10. A method according to claim 6, wherein the first material gas comprises trimethylindium and PH.sub.3, and the second material gas comprises trimethylgallium and PH.sub.3.

11. The method according to claim 8, wherein the light is as an excimer light.

12. The method according to claim 8, wherein the light is a halogen lamp light.

13. The method according to claim 8, wherein the light consists of infrared rays.

14. A vapor-phase epitaxial growth method for sequentially growing first and second layers formed of group III-V compound semiconductor crystals of different kinds on a substrate positioned on a mount and in a process chamber, in which the second layer has n optimum growth temperature higher than that of the first layer, the method comprising the steps of:

growing the first layer by heatig the mount at a constant temperature,, and supplying a first material gas containing a group III element and a second material gas containing a group V element successively and independently of each other into the process chamber; and

growing the second layer by heating the mount at the constant temperature, irradiating the substrate with light so as to apply the energy of the light to the substrate, and supplying a third material gas containing a group III element which is different from the first material gas and a forth material gas containing a group V element successively and indepenently into the process chamber;

wherein the thickness of each of the first and second layers is controlled to an accuracy of a monoatomic layer.

15. A method according to claim 14, wherein hydrogen is supplied between supply of the first and second material gases, and between supply of the third and fourth material gases, respectively.

16. A method according to claim 14, wherein the first and second layers comprise (InAs)m and (GaAs)n, respectively, in which each of m and n is an integer.

17. A method according to claim 16, wherein the first and second layers comprise (InAs)1 and (GaAs)1, respectively.

18. A method according to claim 16, wherein the first and second material gases comprise trimethylindium and AsH.sub.3, respectively, and the third and forth material gases comprise trimethylgallium and AsH.sub.3, respectively.

19. A method according to claim 14, wherein the first and second layers comprise (InP)m and (GaP)n, respectively, in which each of m and n is an integer.

20. A method according to claim 19, wherein the first and second layers comprise (InP)1 and (GaP)1, respectively.

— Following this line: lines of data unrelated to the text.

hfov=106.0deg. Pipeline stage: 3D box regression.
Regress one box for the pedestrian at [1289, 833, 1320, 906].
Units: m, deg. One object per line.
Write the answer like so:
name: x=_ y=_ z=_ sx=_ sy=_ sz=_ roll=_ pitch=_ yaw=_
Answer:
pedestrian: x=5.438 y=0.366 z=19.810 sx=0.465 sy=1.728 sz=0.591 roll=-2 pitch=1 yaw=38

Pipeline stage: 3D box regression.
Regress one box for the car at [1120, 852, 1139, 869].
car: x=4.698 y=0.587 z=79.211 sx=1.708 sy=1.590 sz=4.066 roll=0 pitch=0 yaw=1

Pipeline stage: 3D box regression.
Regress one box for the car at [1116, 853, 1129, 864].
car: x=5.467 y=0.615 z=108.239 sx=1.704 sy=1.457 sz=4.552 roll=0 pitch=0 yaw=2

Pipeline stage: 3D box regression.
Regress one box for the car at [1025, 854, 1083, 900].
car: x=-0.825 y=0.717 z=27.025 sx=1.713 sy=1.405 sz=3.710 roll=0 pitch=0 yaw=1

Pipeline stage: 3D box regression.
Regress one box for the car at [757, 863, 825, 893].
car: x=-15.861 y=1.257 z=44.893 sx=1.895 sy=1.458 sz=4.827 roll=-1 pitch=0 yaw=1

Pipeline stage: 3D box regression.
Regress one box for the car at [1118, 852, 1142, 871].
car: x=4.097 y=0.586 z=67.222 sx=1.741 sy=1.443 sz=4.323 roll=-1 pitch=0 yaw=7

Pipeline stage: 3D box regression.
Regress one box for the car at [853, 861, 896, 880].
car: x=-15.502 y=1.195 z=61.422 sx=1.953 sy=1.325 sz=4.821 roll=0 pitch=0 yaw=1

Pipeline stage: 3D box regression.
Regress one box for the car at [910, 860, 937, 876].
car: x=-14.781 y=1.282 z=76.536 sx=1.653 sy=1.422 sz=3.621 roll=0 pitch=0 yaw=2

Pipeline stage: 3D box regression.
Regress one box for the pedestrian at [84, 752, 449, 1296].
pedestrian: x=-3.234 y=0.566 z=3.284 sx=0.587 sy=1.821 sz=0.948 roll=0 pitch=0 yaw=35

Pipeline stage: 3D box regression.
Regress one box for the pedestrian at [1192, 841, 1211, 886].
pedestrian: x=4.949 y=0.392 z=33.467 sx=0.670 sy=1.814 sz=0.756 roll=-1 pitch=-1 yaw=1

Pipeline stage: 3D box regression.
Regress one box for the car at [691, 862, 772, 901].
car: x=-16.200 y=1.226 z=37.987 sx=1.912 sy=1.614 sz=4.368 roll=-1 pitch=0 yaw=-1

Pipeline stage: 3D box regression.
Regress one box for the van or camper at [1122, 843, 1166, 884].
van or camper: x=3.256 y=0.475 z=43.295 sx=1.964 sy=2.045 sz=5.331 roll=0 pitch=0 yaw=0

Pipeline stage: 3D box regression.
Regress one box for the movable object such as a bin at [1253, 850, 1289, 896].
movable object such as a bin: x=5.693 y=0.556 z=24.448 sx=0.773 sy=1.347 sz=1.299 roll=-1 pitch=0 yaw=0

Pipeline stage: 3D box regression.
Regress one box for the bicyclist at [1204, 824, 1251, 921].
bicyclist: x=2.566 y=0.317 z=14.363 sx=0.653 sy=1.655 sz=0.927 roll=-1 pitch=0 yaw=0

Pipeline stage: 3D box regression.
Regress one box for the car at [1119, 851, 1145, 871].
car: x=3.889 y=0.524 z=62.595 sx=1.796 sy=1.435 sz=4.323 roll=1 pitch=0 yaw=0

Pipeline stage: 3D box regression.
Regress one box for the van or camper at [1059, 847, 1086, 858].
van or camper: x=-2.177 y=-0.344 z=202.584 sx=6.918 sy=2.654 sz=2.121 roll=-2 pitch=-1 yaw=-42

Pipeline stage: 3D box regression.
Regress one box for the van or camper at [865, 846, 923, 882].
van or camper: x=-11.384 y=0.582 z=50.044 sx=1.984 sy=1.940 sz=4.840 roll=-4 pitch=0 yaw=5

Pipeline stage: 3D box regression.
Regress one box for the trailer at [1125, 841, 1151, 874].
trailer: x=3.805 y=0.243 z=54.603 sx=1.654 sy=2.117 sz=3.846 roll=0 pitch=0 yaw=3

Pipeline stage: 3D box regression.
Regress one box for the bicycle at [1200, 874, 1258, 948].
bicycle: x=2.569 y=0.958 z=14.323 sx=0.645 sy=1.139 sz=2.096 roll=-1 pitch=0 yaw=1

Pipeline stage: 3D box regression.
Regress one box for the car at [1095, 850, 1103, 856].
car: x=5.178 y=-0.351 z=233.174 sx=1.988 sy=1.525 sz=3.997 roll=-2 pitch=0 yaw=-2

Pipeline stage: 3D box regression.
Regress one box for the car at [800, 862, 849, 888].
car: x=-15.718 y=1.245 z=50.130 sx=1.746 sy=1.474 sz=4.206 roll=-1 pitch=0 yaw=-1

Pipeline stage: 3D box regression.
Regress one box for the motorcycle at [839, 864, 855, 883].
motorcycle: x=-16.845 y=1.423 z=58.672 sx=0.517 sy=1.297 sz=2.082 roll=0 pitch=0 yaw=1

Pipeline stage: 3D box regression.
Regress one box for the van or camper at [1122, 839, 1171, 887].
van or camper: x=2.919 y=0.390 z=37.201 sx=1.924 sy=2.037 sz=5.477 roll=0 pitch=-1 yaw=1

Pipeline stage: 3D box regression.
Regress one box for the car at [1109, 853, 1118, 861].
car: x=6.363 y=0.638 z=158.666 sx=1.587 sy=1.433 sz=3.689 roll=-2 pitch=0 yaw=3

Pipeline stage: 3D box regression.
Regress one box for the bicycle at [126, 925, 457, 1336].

21. A method according to claim 19, wherein the first and second material gases comprise trimethylindium and PH.sub.3, respectively, and the third and forth material gases comprise trimethylgallium and PH.sub.3.

22. A method according to claim 14, wherein the light is radiated in the form of a beam.

23. A method according to claim 22, wherein the light is an excimer light.

24. A method according to claim 22, wherein the light is a halogen lamp light.

25. A method according to claim 22, wherein the light consists of infrared rays.

26. A method according to claim 14, wherein a plurality of the first and second layers are grown alternately.